◆ Your task:
In the records below, find every line that contains "DROP" and list it.

-- Information provided follows --

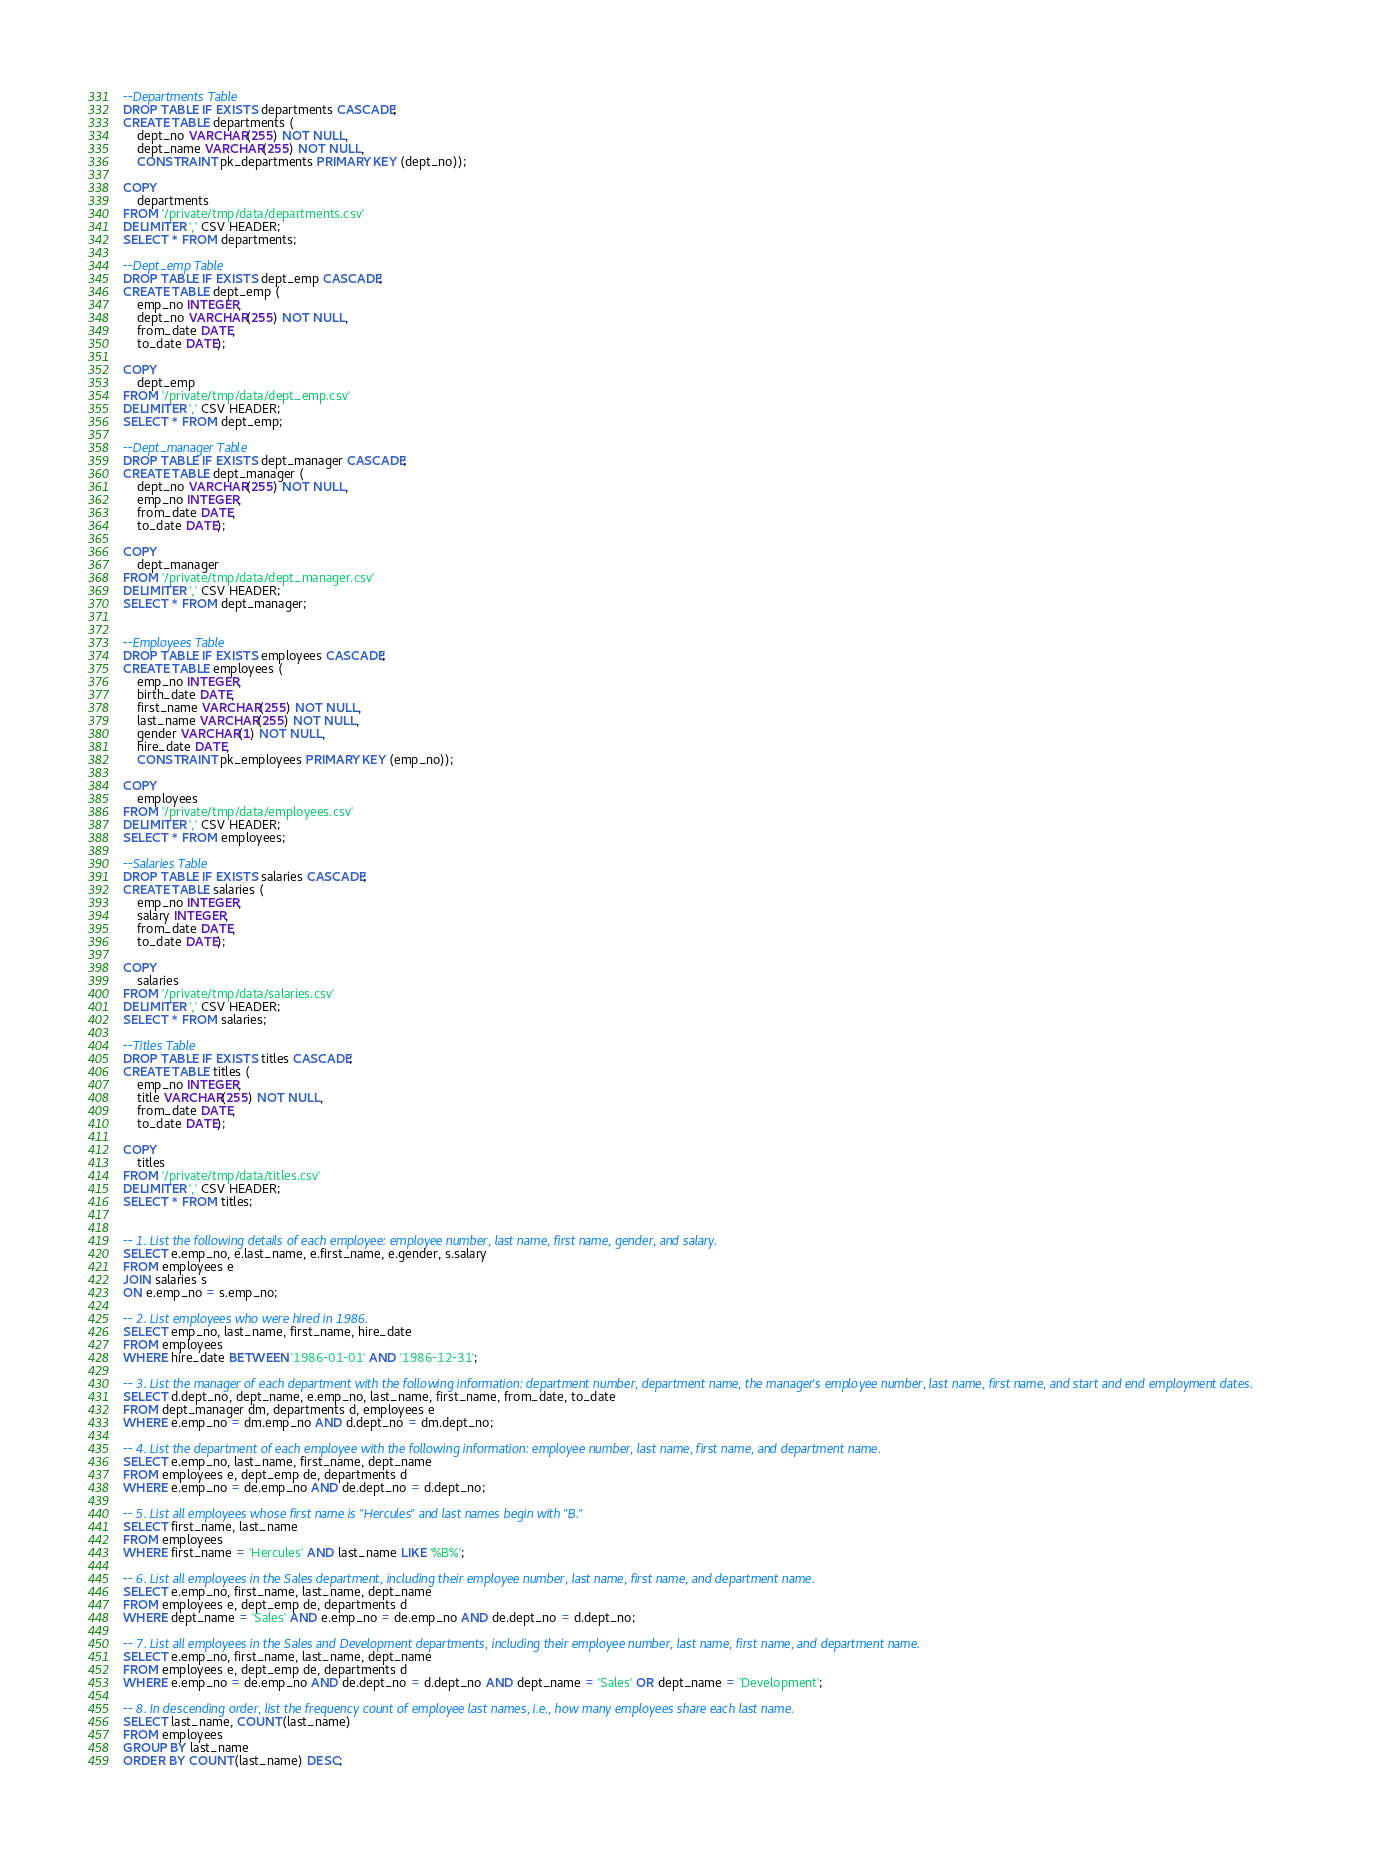<code> <loc_0><loc_0><loc_500><loc_500><_SQL_>--Departments Table
DROP TABLE IF EXISTS departments CASCADE;
CREATE TABLE departments (
	dept_no VARCHAR(255) NOT NULL,
	dept_name VARCHAR(255) NOT NULL,
	CONSTRAINT pk_departments PRIMARY KEY (dept_no));

COPY
	departments
FROM '/private/tmp/data/departments.csv'
DELIMITER ',' CSV HEADER;
SELECT * FROM departments;
	
--Dept_emp Table
DROP TABLE IF EXISTS dept_emp CASCADE;
CREATE TABLE dept_emp (
	emp_no INTEGER,
	dept_no VARCHAR(255) NOT NULL,
	from_date DATE,
	to_date DATE);

COPY
	dept_emp
FROM '/private/tmp/data/dept_emp.csv'
DELIMITER ',' CSV HEADER;
SELECT * FROM dept_emp;

--Dept_manager Table
DROP TABLE IF EXISTS dept_manager CASCADE;
CREATE TABLE dept_manager (
	dept_no VARCHAR(255) NOT NULL,
	emp_no INTEGER,
	from_date DATE,
	to_date DATE);

COPY
	dept_manager
FROM '/private/tmp/data/dept_manager.csv'
DELIMITER ',' CSV HEADER;
SELECT * FROM dept_manager;


--Employees Table
DROP TABLE IF EXISTS employees CASCADE;
CREATE TABLE employees (
	emp_no INTEGER,
	birth_date DATE,
	first_name VARCHAR(255) NOT NULL,
	last_name VARCHAR(255) NOT NULL,
	gender VARCHAR(1) NOT NULL,
	hire_date DATE,
	CONSTRAINT pk_employees PRIMARY KEY (emp_no));

COPY
	employees
FROM '/private/tmp/data/employees.csv'
DELIMITER ',' CSV HEADER;
SELECT * FROM employees;

--Salaries Table
DROP TABLE IF EXISTS salaries CASCADE;
CREATE TABLE salaries (
	emp_no INTEGER,
	salary INTEGER,
	from_date DATE,
	to_date DATE);

COPY
	salaries
FROM '/private/tmp/data/salaries.csv'
DELIMITER ',' CSV HEADER;
SELECT * FROM salaries;

--Titles Table
DROP TABLE IF EXISTS titles CASCADE;
CREATE TABLE titles (
	emp_no INTEGER,
	title VARCHAR(255) NOT NULL,
	from_date DATE,
	to_date DATE);

COPY
	titles
FROM '/private/tmp/data/titles.csv'
DELIMITER ',' CSV HEADER;
SELECT * FROM titles;


-- 1. List the following details of each employee: employee number, last name, first name, gender, and salary.
SELECT e.emp_no, e.last_name, e.first_name, e.gender, s.salary
FROM employees e
JOIN salaries s
ON e.emp_no = s.emp_no;
	
-- 2. List employees who were hired in 1986.
SELECT emp_no, last_name, first_name, hire_date
FROM employees
WHERE hire_date BETWEEN '1986-01-01' AND '1986-12-31';

-- 3. List the manager of each department with the following information: department number, department name, the manager's employee number, last name, first name, and start and end employment dates.
SELECT d.dept_no, dept_name, e.emp_no, last_name, first_name, from_date, to_date
FROM dept_manager dm, departments d, employees e
WHERE e.emp_no = dm.emp_no AND d.dept_no = dm.dept_no;

-- 4. List the department of each employee with the following information: employee number, last name, first name, and department name.
SELECT e.emp_no, last_name, first_name, dept_name
FROM employees e, dept_emp de, departments d
WHERE e.emp_no = de.emp_no AND de.dept_no = d.dept_no;

-- 5. List all employees whose first name is "Hercules" and last names begin with "B."
SELECT first_name, last_name
FROM employees
WHERE first_name = 'Hercules' AND last_name LIKE '%B%';

-- 6. List all employees in the Sales department, including their employee number, last name, first name, and department name.
SELECT e.emp_no, first_name, last_name, dept_name
FROM employees e, dept_emp de, departments d
WHERE dept_name = 'Sales' AND e.emp_no = de.emp_no AND de.dept_no = d.dept_no;

-- 7. List all employees in the Sales and Development departments, including their employee number, last name, first name, and department name.
SELECT e.emp_no, first_name, last_name, dept_name
FROM employees e, dept_emp de, departments d
WHERE e.emp_no = de.emp_no AND de.dept_no = d.dept_no AND dept_name = 'Sales' OR dept_name = 'Development';

-- 8. In descending order, list the frequency count of employee last names, i.e., how many employees share each last name.
SELECT last_name, COUNT(last_name)
FROM employees
GROUP BY last_name
ORDER BY COUNT(last_name) DESC;





</code> 
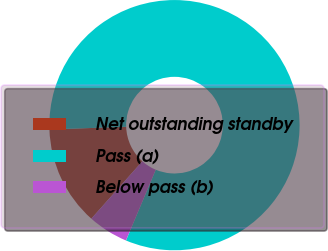Convert chart. <chart><loc_0><loc_0><loc_500><loc_500><pie_chart><fcel>Net outstanding standby<fcel>Pass (a)<fcel>Below pass (b)<nl><fcel>12.89%<fcel>81.88%<fcel>5.23%<nl></chart> 
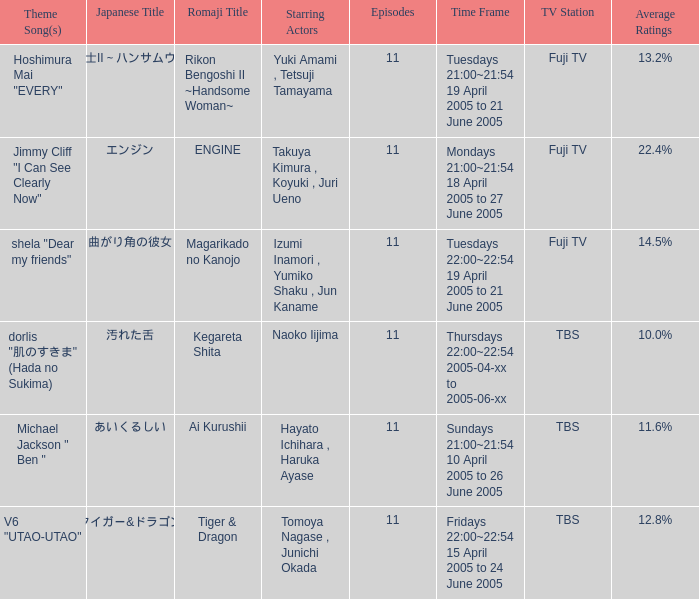Who is the star of the program on Thursdays 22:00~22:54 2005-04-xx to 2005-06-xx? Naoko Iijima. Give me the full table as a dictionary. {'header': ['Theme Song(s)', 'Japanese Title', 'Romaji Title', 'Starring Actors', 'Episodes', 'Time Frame', 'TV Station', 'Average Ratings'], 'rows': [['Hoshimura Mai "EVERY"', '離婚弁護士II～ハンサムウーマン～', 'Rikon Bengoshi II ~Handsome Woman~', 'Yuki Amami , Tetsuji Tamayama', '11', 'Tuesdays 21:00~21:54 19 April 2005 to 21 June 2005', 'Fuji TV', '13.2%'], ['Jimmy Cliff "I Can See Clearly Now"', 'エンジン', 'ENGINE', 'Takuya Kimura , Koyuki , Juri Ueno', '11', 'Mondays 21:00~21:54 18 April 2005 to 27 June 2005', 'Fuji TV', '22.4%'], ['shela "Dear my friends"', '曲がり角の彼女', 'Magarikado no Kanojo', 'Izumi Inamori , Yumiko Shaku , Jun Kaname', '11', 'Tuesdays 22:00~22:54 19 April 2005 to 21 June 2005', 'Fuji TV', '14.5%'], ['dorlis "肌のすきま" (Hada no Sukima)', '汚れた舌', 'Kegareta Shita', 'Naoko Iijima', '11', 'Thursdays 22:00~22:54 2005-04-xx to 2005-06-xx', 'TBS', '10.0%'], ['Michael Jackson " Ben "', 'あいくるしい', 'Ai Kurushii', 'Hayato Ichihara , Haruka Ayase', '11', 'Sundays 21:00~21:54 10 April 2005 to 26 June 2005', 'TBS', '11.6%'], ['V6 "UTAO-UTAO"', 'タイガー&ドラゴン', 'Tiger & Dragon', 'Tomoya Nagase , Junichi Okada', '11', 'Fridays 22:00~22:54 15 April 2005 to 24 June 2005', 'TBS', '12.8%']]} 
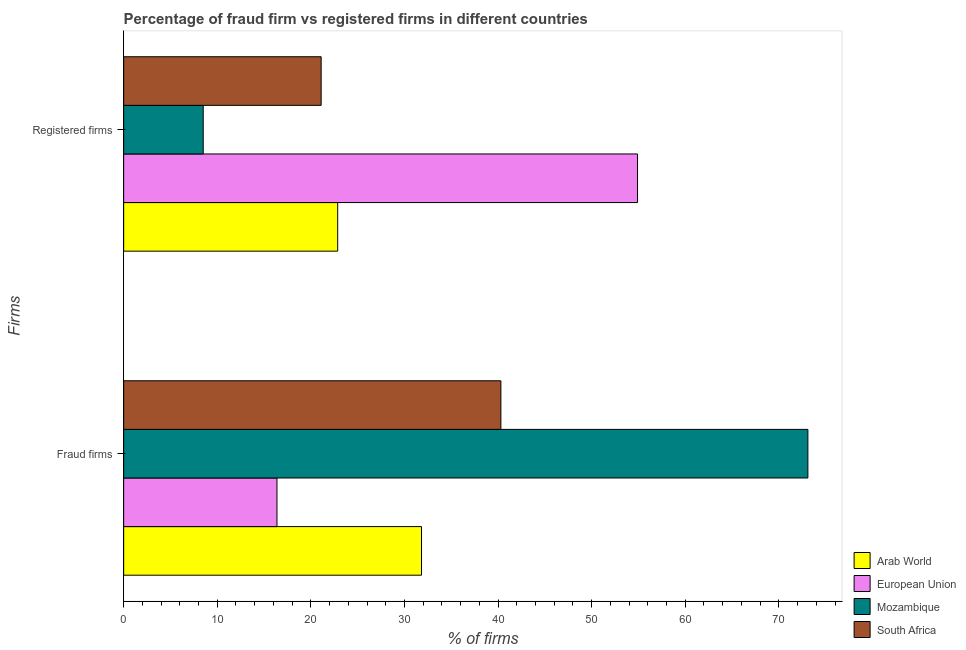How many groups of bars are there?
Make the answer very short. 2. Are the number of bars per tick equal to the number of legend labels?
Offer a terse response. Yes. Are the number of bars on each tick of the Y-axis equal?
Ensure brevity in your answer.  Yes. How many bars are there on the 2nd tick from the top?
Provide a short and direct response. 4. What is the label of the 1st group of bars from the top?
Make the answer very short. Registered firms. What is the percentage of registered firms in South Africa?
Your response must be concise. 21.1. Across all countries, what is the maximum percentage of registered firms?
Offer a terse response. 54.9. Across all countries, what is the minimum percentage of registered firms?
Offer a very short reply. 8.5. What is the total percentage of registered firms in the graph?
Make the answer very short. 107.37. What is the difference between the percentage of fraud firms in Arab World and that in South Africa?
Make the answer very short. -8.48. What is the difference between the percentage of fraud firms in South Africa and the percentage of registered firms in Arab World?
Make the answer very short. 17.43. What is the average percentage of registered firms per country?
Provide a succinct answer. 26.84. What is the difference between the percentage of registered firms and percentage of fraud firms in Arab World?
Your answer should be compact. -8.95. In how many countries, is the percentage of fraud firms greater than 70 %?
Your answer should be compact. 1. What is the ratio of the percentage of fraud firms in Arab World to that in South Africa?
Ensure brevity in your answer.  0.79. What does the 4th bar from the top in Fraud firms represents?
Ensure brevity in your answer.  Arab World. Are all the bars in the graph horizontal?
Provide a short and direct response. Yes. Does the graph contain any zero values?
Offer a very short reply. No. Does the graph contain grids?
Keep it short and to the point. No. What is the title of the graph?
Make the answer very short. Percentage of fraud firm vs registered firms in different countries. What is the label or title of the X-axis?
Keep it short and to the point. % of firms. What is the label or title of the Y-axis?
Offer a terse response. Firms. What is the % of firms in Arab World in Fraud firms?
Provide a short and direct response. 31.82. What is the % of firms in European Union in Fraud firms?
Your response must be concise. 16.38. What is the % of firms in Mozambique in Fraud firms?
Keep it short and to the point. 73.1. What is the % of firms of South Africa in Fraud firms?
Ensure brevity in your answer.  40.3. What is the % of firms of Arab World in Registered firms?
Your response must be concise. 22.87. What is the % of firms in European Union in Registered firms?
Your answer should be compact. 54.9. What is the % of firms in South Africa in Registered firms?
Your answer should be very brief. 21.1. Across all Firms, what is the maximum % of firms of Arab World?
Ensure brevity in your answer.  31.82. Across all Firms, what is the maximum % of firms in European Union?
Your answer should be compact. 54.9. Across all Firms, what is the maximum % of firms of Mozambique?
Offer a terse response. 73.1. Across all Firms, what is the maximum % of firms of South Africa?
Offer a terse response. 40.3. Across all Firms, what is the minimum % of firms in Arab World?
Keep it short and to the point. 22.87. Across all Firms, what is the minimum % of firms of European Union?
Your answer should be very brief. 16.38. Across all Firms, what is the minimum % of firms of Mozambique?
Ensure brevity in your answer.  8.5. Across all Firms, what is the minimum % of firms in South Africa?
Give a very brief answer. 21.1. What is the total % of firms in Arab World in the graph?
Offer a very short reply. 54.69. What is the total % of firms of European Union in the graph?
Ensure brevity in your answer.  71.28. What is the total % of firms of Mozambique in the graph?
Give a very brief answer. 81.6. What is the total % of firms of South Africa in the graph?
Provide a short and direct response. 61.4. What is the difference between the % of firms of Arab World in Fraud firms and that in Registered firms?
Your answer should be compact. 8.95. What is the difference between the % of firms in European Union in Fraud firms and that in Registered firms?
Your response must be concise. -38.52. What is the difference between the % of firms in Mozambique in Fraud firms and that in Registered firms?
Give a very brief answer. 64.6. What is the difference between the % of firms of Arab World in Fraud firms and the % of firms of European Union in Registered firms?
Offer a very short reply. -23.08. What is the difference between the % of firms in Arab World in Fraud firms and the % of firms in Mozambique in Registered firms?
Offer a very short reply. 23.32. What is the difference between the % of firms of Arab World in Fraud firms and the % of firms of South Africa in Registered firms?
Your answer should be compact. 10.72. What is the difference between the % of firms in European Union in Fraud firms and the % of firms in Mozambique in Registered firms?
Make the answer very short. 7.88. What is the difference between the % of firms in European Union in Fraud firms and the % of firms in South Africa in Registered firms?
Provide a short and direct response. -4.72. What is the difference between the % of firms of Mozambique in Fraud firms and the % of firms of South Africa in Registered firms?
Provide a succinct answer. 52. What is the average % of firms in Arab World per Firms?
Provide a short and direct response. 27.34. What is the average % of firms in European Union per Firms?
Your response must be concise. 35.64. What is the average % of firms of Mozambique per Firms?
Ensure brevity in your answer.  40.8. What is the average % of firms of South Africa per Firms?
Provide a short and direct response. 30.7. What is the difference between the % of firms in Arab World and % of firms in European Union in Fraud firms?
Keep it short and to the point. 15.44. What is the difference between the % of firms of Arab World and % of firms of Mozambique in Fraud firms?
Offer a very short reply. -41.28. What is the difference between the % of firms of Arab World and % of firms of South Africa in Fraud firms?
Make the answer very short. -8.48. What is the difference between the % of firms of European Union and % of firms of Mozambique in Fraud firms?
Make the answer very short. -56.72. What is the difference between the % of firms of European Union and % of firms of South Africa in Fraud firms?
Offer a terse response. -23.92. What is the difference between the % of firms in Mozambique and % of firms in South Africa in Fraud firms?
Give a very brief answer. 32.8. What is the difference between the % of firms of Arab World and % of firms of European Union in Registered firms?
Give a very brief answer. -32.03. What is the difference between the % of firms in Arab World and % of firms in Mozambique in Registered firms?
Offer a very short reply. 14.37. What is the difference between the % of firms in Arab World and % of firms in South Africa in Registered firms?
Your answer should be compact. 1.77. What is the difference between the % of firms of European Union and % of firms of Mozambique in Registered firms?
Offer a terse response. 46.4. What is the difference between the % of firms in European Union and % of firms in South Africa in Registered firms?
Give a very brief answer. 33.8. What is the ratio of the % of firms of Arab World in Fraud firms to that in Registered firms?
Provide a succinct answer. 1.39. What is the ratio of the % of firms of European Union in Fraud firms to that in Registered firms?
Your answer should be very brief. 0.3. What is the ratio of the % of firms of South Africa in Fraud firms to that in Registered firms?
Offer a very short reply. 1.91. What is the difference between the highest and the second highest % of firms in Arab World?
Offer a very short reply. 8.95. What is the difference between the highest and the second highest % of firms of European Union?
Your answer should be compact. 38.52. What is the difference between the highest and the second highest % of firms in Mozambique?
Provide a short and direct response. 64.6. What is the difference between the highest and the second highest % of firms of South Africa?
Provide a short and direct response. 19.2. What is the difference between the highest and the lowest % of firms in Arab World?
Your answer should be compact. 8.95. What is the difference between the highest and the lowest % of firms of European Union?
Keep it short and to the point. 38.52. What is the difference between the highest and the lowest % of firms of Mozambique?
Provide a succinct answer. 64.6.

-- Information provided concluded --

◆ Exercise answer:
DROP TABLE IF EXISTS departments CASCADE;
DROP TABLE IF EXISTS dept_emp CASCADE;
DROP TABLE IF EXISTS dept_manager CASCADE;
DROP TABLE IF EXISTS employees CASCADE;
DROP TABLE IF EXISTS salaries CASCADE;
DROP TABLE IF EXISTS titles CASCADE;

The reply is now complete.